DocuSnap-Backend is a university graduation project designed to provide a better document and form processing experience than current OCR tools. The project aims to combine OCR technology with the capabilities of Large Language Models (LLM) to achieve efficient and accurate document recognition and information extraction.

Project Positioning

DocuSnap-Backend is positioned as a backend service focused on OCR recognition and AI analysis of documents and forms. It provides document processing, form processing, and form auto-filling functions for frontend applications through REST API interfaces.

Project Objectives

  1. Improve Document Processing Efficiency: Enhance the efficiency and accuracy of document recognition and information extraction by combining OCR and LLM technologies.
  2. Simplify Form Processing Workflow: Automatically recognize form structure and content, reducing manual input and processing time.
  3. Enhance Data Security: Protect the transmission security of sensitive documents and form data through end-to-end encryption.
  4. Provide Flexible Integration Methods: Facilitate integration with various frontend applications and systems through REST API interfaces.

Project Challenges

  1. OCR Accuracy: Ensuring OCR recognition accuracy across various document qualities and formats.
  2. LLM Prompt Engineering: Designing effective prompts to guide LLM in accurately extracting and processing document information.
  3. Performance Optimization: Optimizing performance when handling large concurrent requests and large documents.
  4. Security Assurance: Ensuring secure transmission and processing of sensitive documents and form data.

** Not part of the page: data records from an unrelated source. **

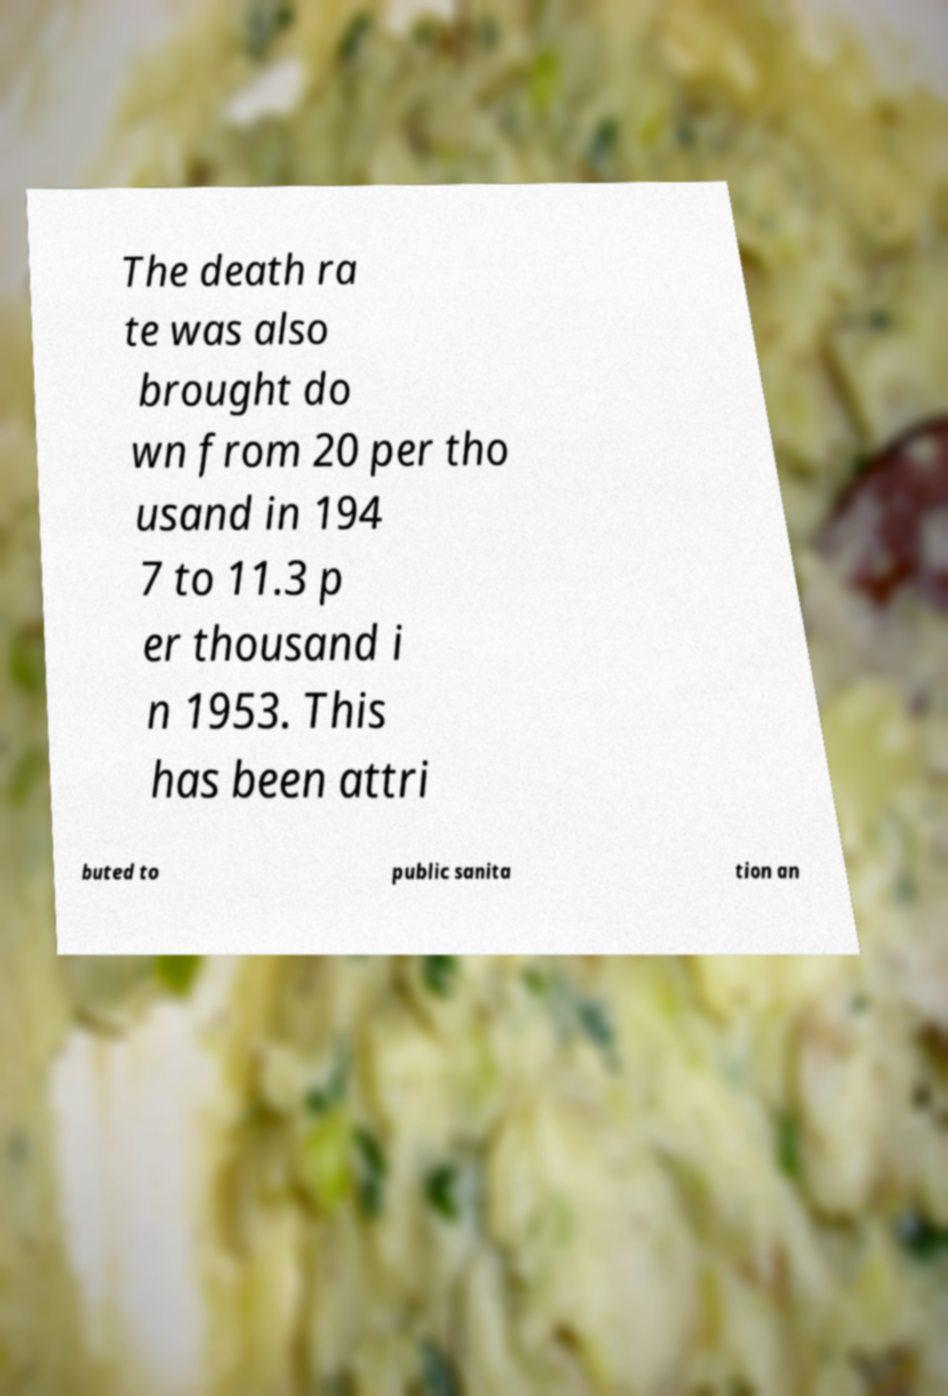Can you accurately transcribe the text from the provided image for me? The death ra te was also brought do wn from 20 per tho usand in 194 7 to 11.3 p er thousand i n 1953. This has been attri buted to public sanita tion an 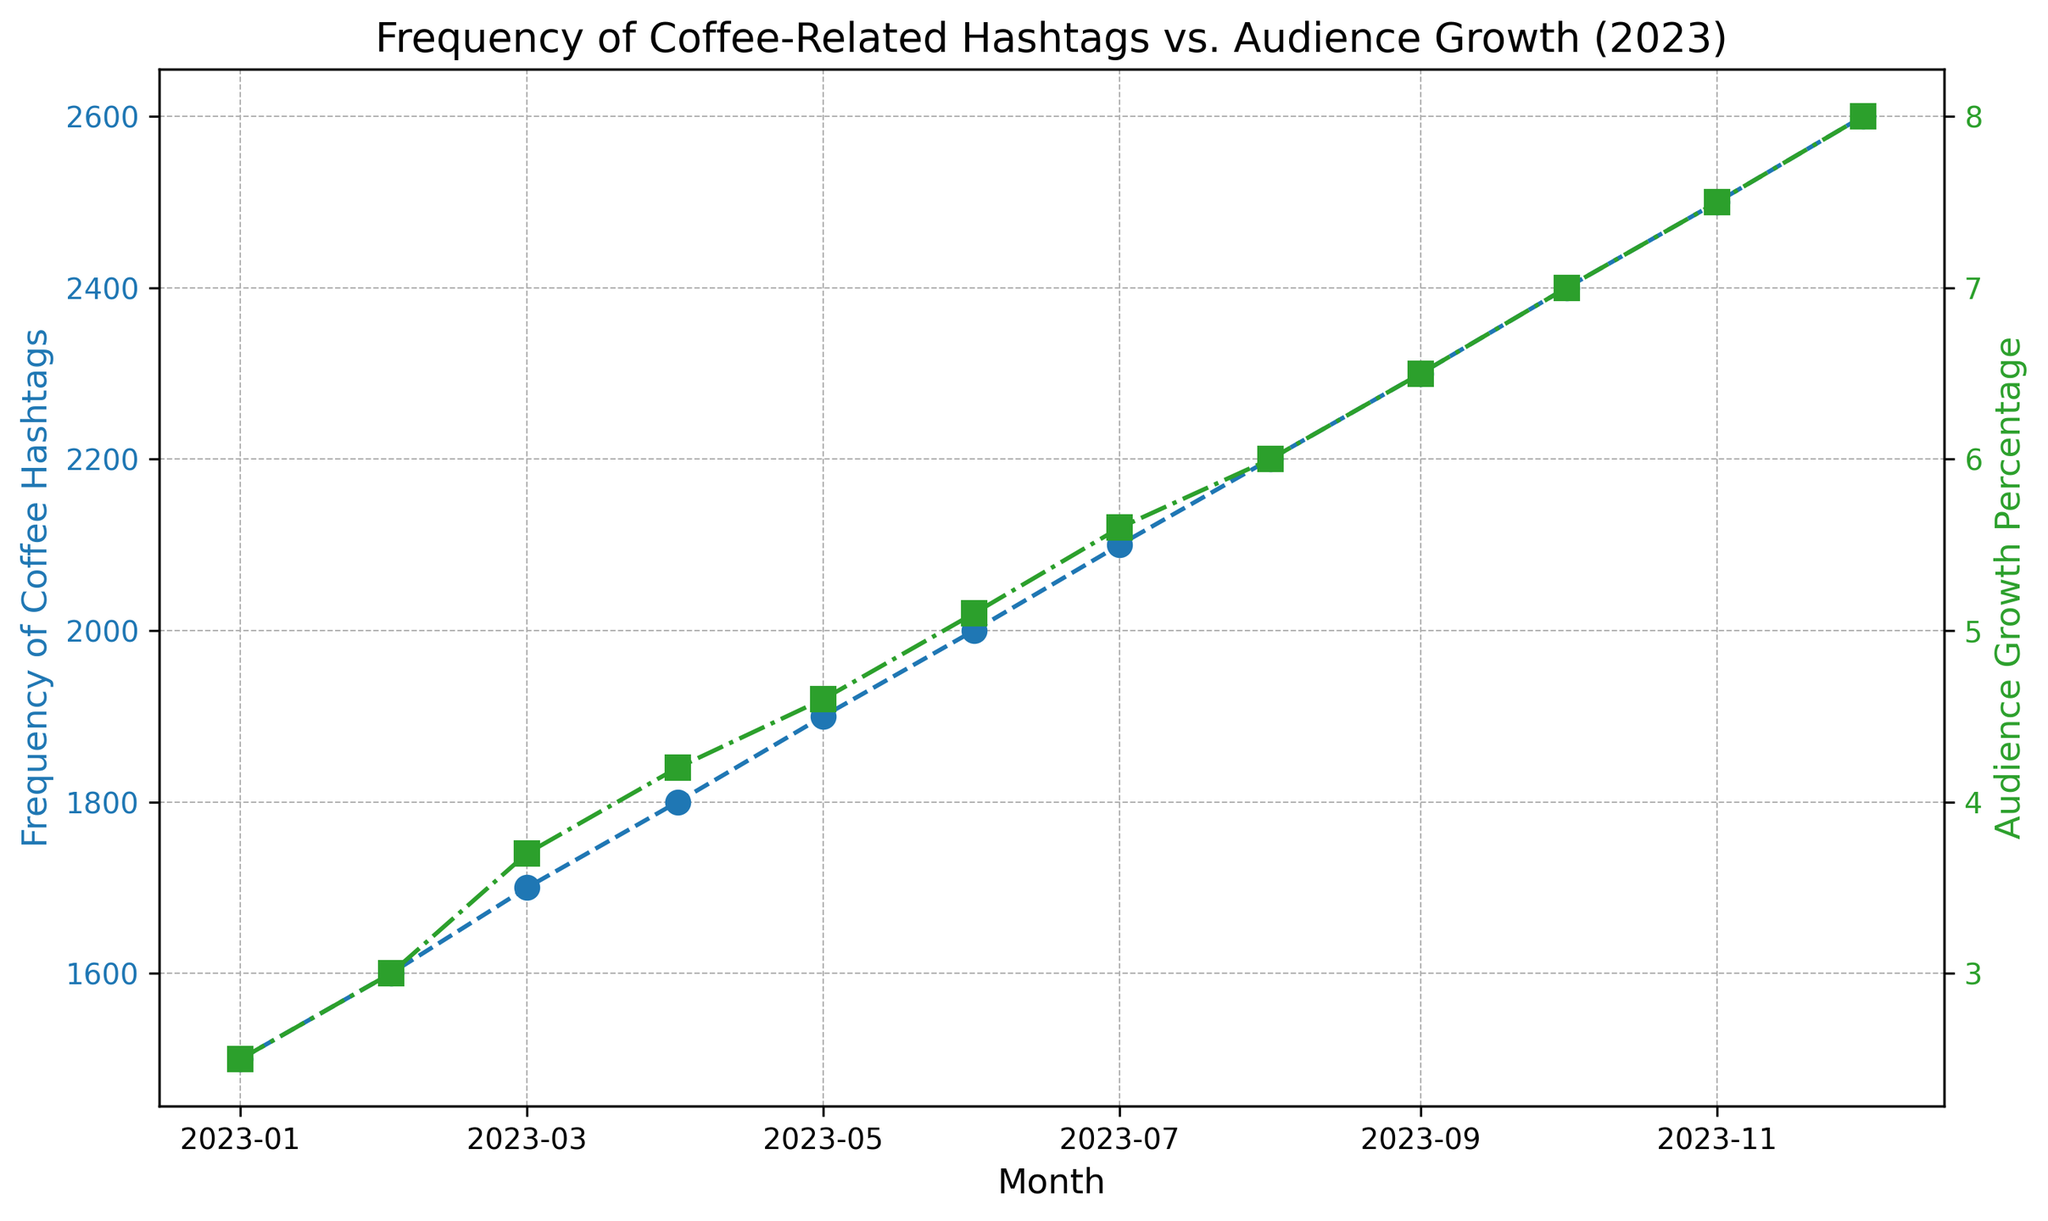Which month had the highest frequency of coffee hashtags? In the figure, look for the highest point on the blue dashed line (Hashtags). The month corresponding to this point is Dec-2023, as it reaches 2600.
Answer: Dec-2023 What is the trend in audience growth from Jan-2023 to Dec-2023? The green dashdot line shows the trend in audience growth percentage. It starts at 2.5% in Jan-2023 and rises steadily to 8.0% in Dec-2023, indicating a continuous growth throughout the year.
Answer: Continuous growth Compare the audience growth percentage in Jul-2023 to May-2023. Which one is higher and by how much? In the figure, Jul-2023 has a green marker at 5.6% and May-2023 has one at 4.6%. Subtract 4.6% from 5.6% to find the difference, which is 1.0%.
Answer: Jul-2023 is higher by 1.0% Is there a positive correlation between the frequency of coffee hashtags and audience growth percentage? Both the blue and green lines show an upward trend throughout the year, indicating that as the frequency of coffee hashtags increases, so does the audience growth percentage.
Answer: Yes, positive correlation What is the average audience growth percentage for the last three months of 2023? Look at the data points for Oct-2023 (7.0%), Nov-2023 (7.5%), and Dec-2023 (8.0%). Add these percentages and divide by 3: (7.0 + 7.5 + 8.0) / 3 = 7.5%.
Answer: 7.5% Which month shows the largest single-month increase in hashtag frequency? Compare the monthly changes in the blue dashed line. The biggest increase occurs from one month to the next in terms of the number of hashtags. From Aug-2023 (2200) to Sep-2023 (2300), the increase is 100.
Answer: Aug-2023 to Sep-2023 Between which months does the audience growth percentage first surpass 5%? Examine the green dashdot line. The percentages surpass 5% between May-2023 (4.6%) and Jun-2023 (5.1%).
Answer: May-2023 to Jun-2023 What is the frequency of coffee hashtags in Jun-2023 and its corresponding audience growth percentage? In the figure, Jun-2023 shows a blue marker at 2000 hashtags and a green marker at 5.1% audience growth.
Answer: 2000 hashtags and 5.1% growth Does the frequency of coffee hashtags ever decrease month-over-month in 2023? Observe the blue dashed line closely. It shows a consistent upward trend from Jan-2023 to Dec-2023 without any decreases.
Answer: No

Technology Selection Considerations

During the project development process, the team considered various technology options and ultimately chose the current technology stack based on the following factors:

  1. Flask Framework: Lightweight, flexible, and easily extensible, suitable for rapid API service development.
  2. SQLite Database: Lightweight, no need for a separate server, suitable for caching and task status storage.
  3. Zhipu AI: Provides high-quality Chinese LLM services, suitable for processing Chinese documents and forms.
  4. CnOCR: An OCR service optimized for Chinese, providing higher Chinese recognition accuracy.
  5. RSA and AES Encryption: Combining two encryption technologies to achieve efficient and secure end-to-end encryption.

Through these technology choices, DocuSnap-Backend can effectively process documents and forms, providing high-quality OCR recognition and AI analysis services.